→ What this task involves
Reproduce the data below word for word, setting aside any picture it holds.

→ Extracted information
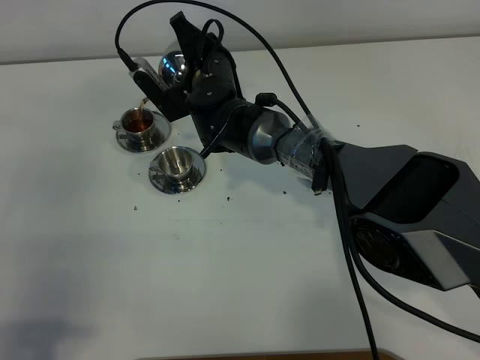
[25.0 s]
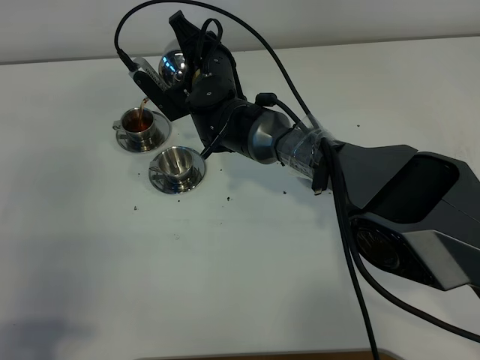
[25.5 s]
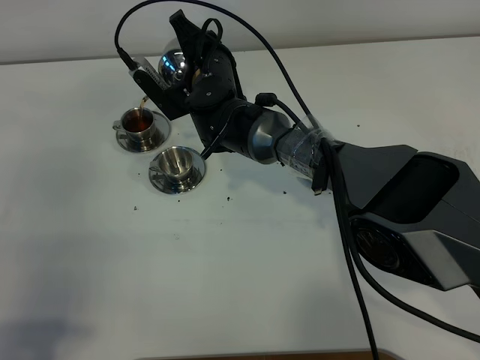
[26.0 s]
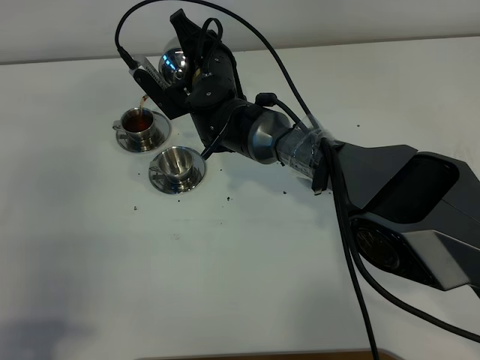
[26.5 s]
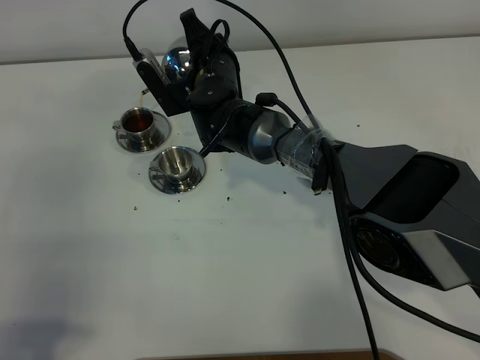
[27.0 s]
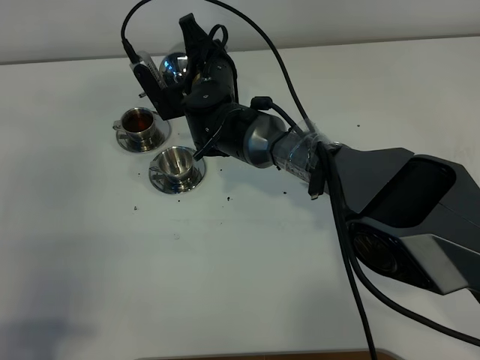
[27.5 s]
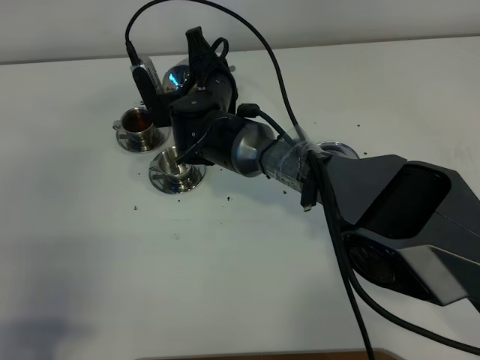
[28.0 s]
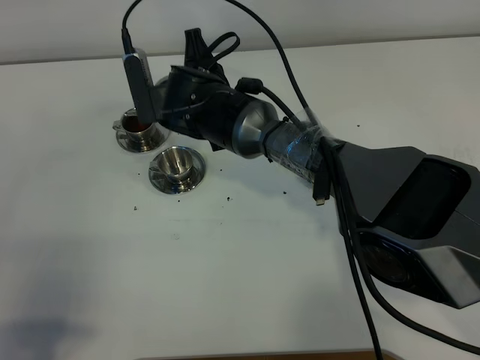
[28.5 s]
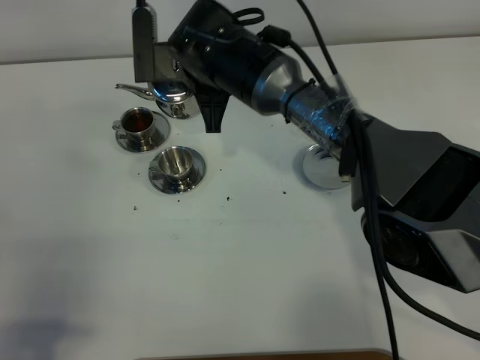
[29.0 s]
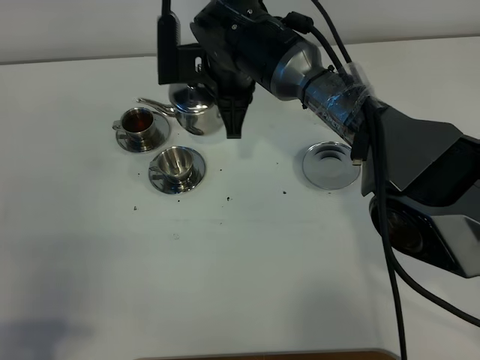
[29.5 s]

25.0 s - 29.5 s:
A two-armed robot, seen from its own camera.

→ Response for this exercise
[25.0 s]
[25.5 s]
[26.0 s]
[26.5 s]
[27.0 s]
[27.5 s]
[28.0 s]
[28.5 s]
[29.0 s]
[29.5 s]

25.0 s - 29.5 s:
A two-armed robot, seen from its own camera.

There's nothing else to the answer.